Publicada el: 17 de diciembre de 2025 :: 11:51 am

Ban Ki-moon propone mandato único de siete años para Secretario General

Ban Ki-moon propone mandato único de siete años para Secretario General

El exsecretario general de la ONU Ban Ki-moon instó este lunes a que las Naciones Unidas refuercen su liderazgo político activo en la diplomacia de la paz, la mediación y la resolución de crisis. Durante un debate abierto del Consejo de Seguridad sobre liderazgo para la paz, Ban Ki-moon advirtió de que la organización atraviesa una de sus crisis más profundas y solicitó mayor determinación para acompañar al próximo titular de la Secretaría General.

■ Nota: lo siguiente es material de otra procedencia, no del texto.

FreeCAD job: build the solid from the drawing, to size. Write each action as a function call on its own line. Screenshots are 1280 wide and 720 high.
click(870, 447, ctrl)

El exmandatario destacó que, pese a avances logrados durante su mandato, como la entrada en vigor del Acuerdo de París, el orden internacional se ha deteriorado y los conflictos armados, las crisis humanitarias y la multiplididad de guerras —incluida la situación en Ucrania y en Gaza— plantean un escenario más grave que hace una década. Ban Ki-moon expresó su solidaridad con el actual Secretario General, António Guterres, frente a un marco que calificó como “profundamente decepcionante”.

Gran parte de su intervención se centró en la selección del próximo Secretario General de la ONU, a quien consideró necesario dotar de un único mandato de siete años. Según el exlíder, “dos mandatos de cinco años hacen que el Secretario General dependa demasiado de los miembros permanentes del Consejo de Seguridad para su reelección”, y recordó que la Asamblea General tiene la facultad de definir las condiciones del nombramiento. Ban Ki-moon afirmó que la persona elegida requerirá un compromiso renovado de todos los Estados Miembros para sostener su labor en la resolución de conflictos.

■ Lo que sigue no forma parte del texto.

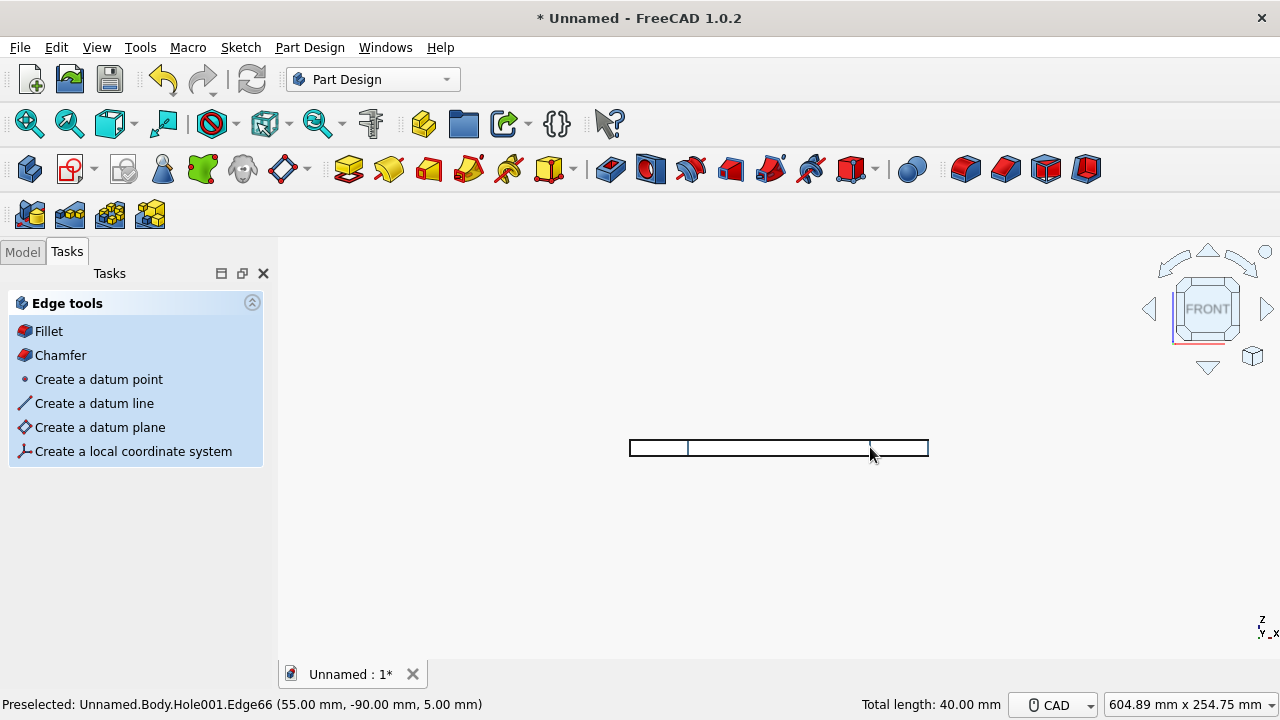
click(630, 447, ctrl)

Además, Ban Ki-moon sostuvo que, más allá de su autoridad moral, el Secretario General debe disponer de un poder real para mediar entre las partes y actuar con mayor iniciativa ante violaciones graves del derecho internacional y de la Carta de la ONU, citando crímenes atroces como ejemplos. En paralelo, criticó el funcionamiento del Consejo de Seguridad, al que atribuyó la principal parálisis de la ONU, y denunció el uso del veto por parte de algunos permanentes para evadir responsabilidades y proteger aliados, advirtiendo que sin reformas concretas los civiles seguirán desprotegidos y la impunidad continuará reinando.

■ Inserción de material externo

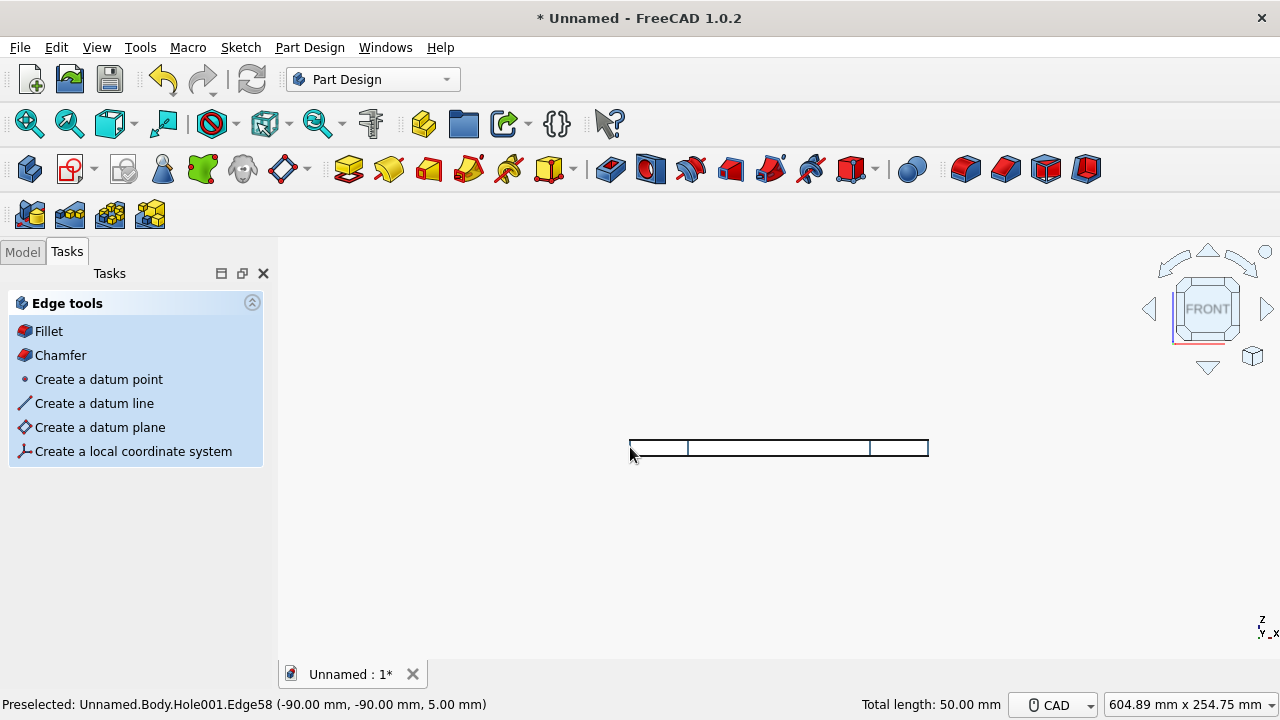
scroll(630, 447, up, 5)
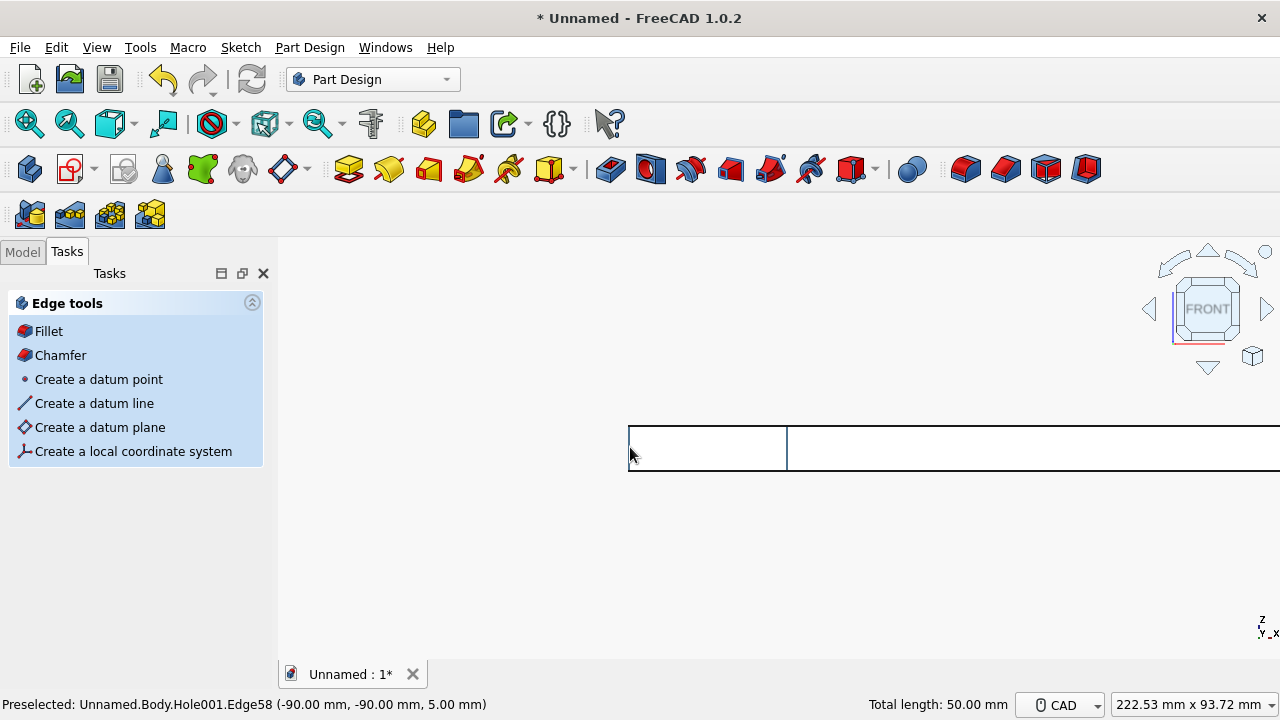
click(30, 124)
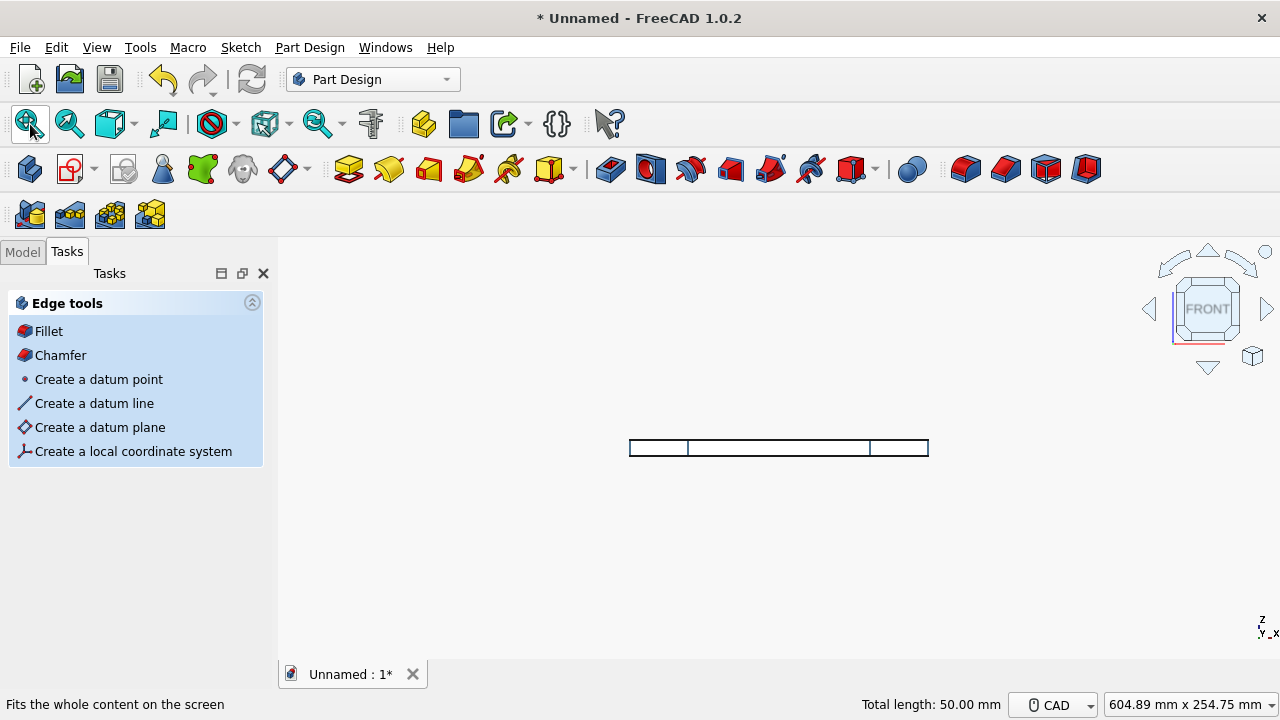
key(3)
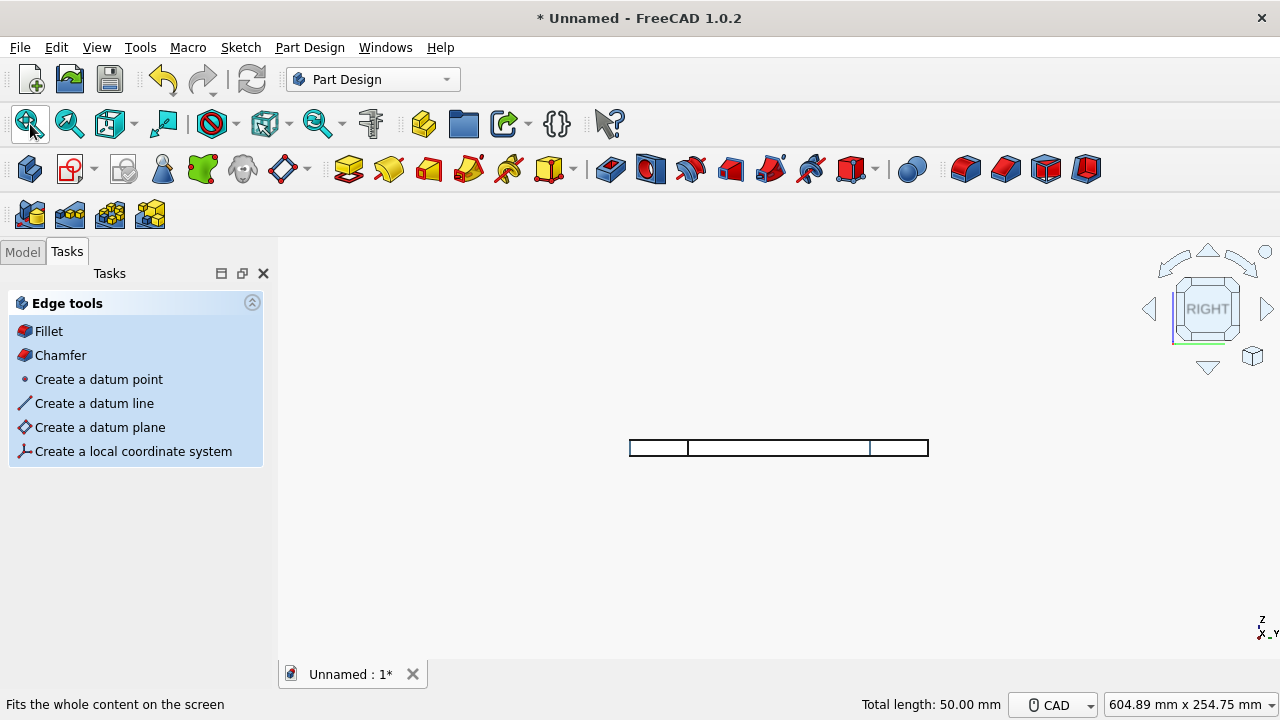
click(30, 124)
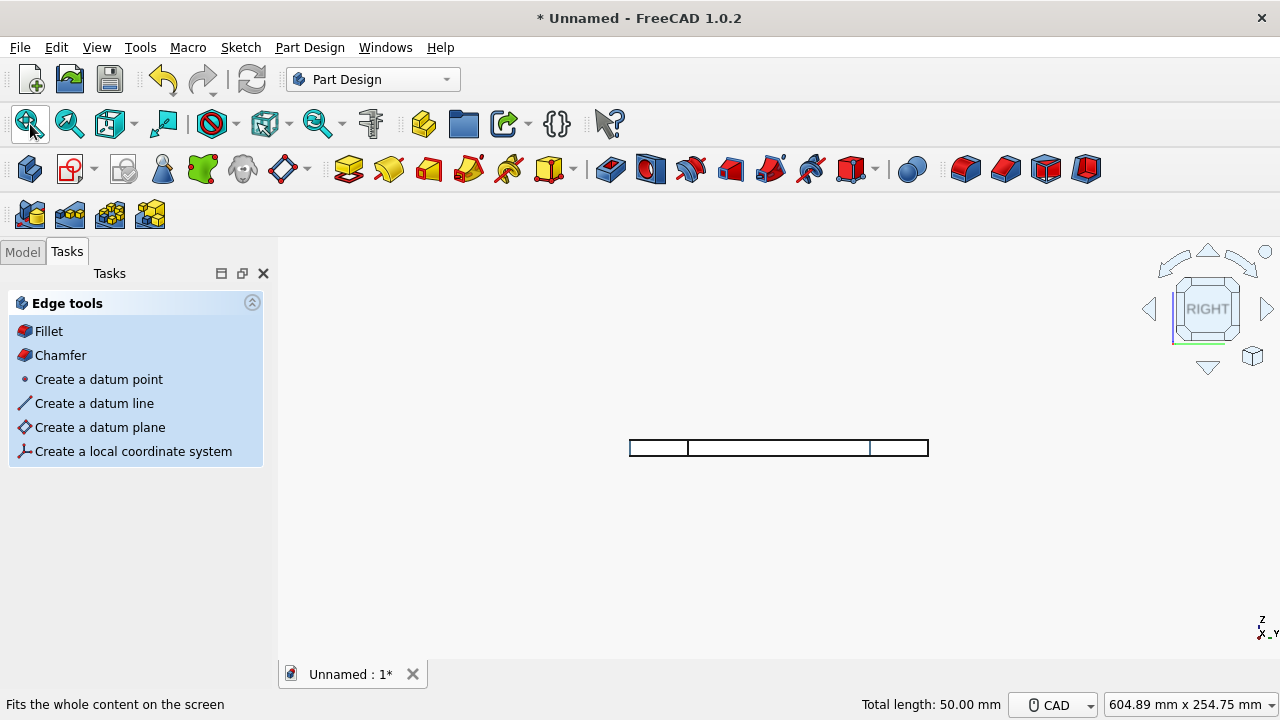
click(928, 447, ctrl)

Finalmente, Ban Ki-moon llamó a retomar el espíritu que permitió la ampliación del Consejo en 1965 y urgió a presentar un modelo consolidado de reforma. Concluyó que “el camino del ‘cada uno por su cuenta’ conduce a la destrucción mutua” y pidió un liderazgo renovado para preservar la paz y el futuro común de la humanidad, a la espera de avances claros en la gobernanza y la toma de decisiones dentro de la ONU.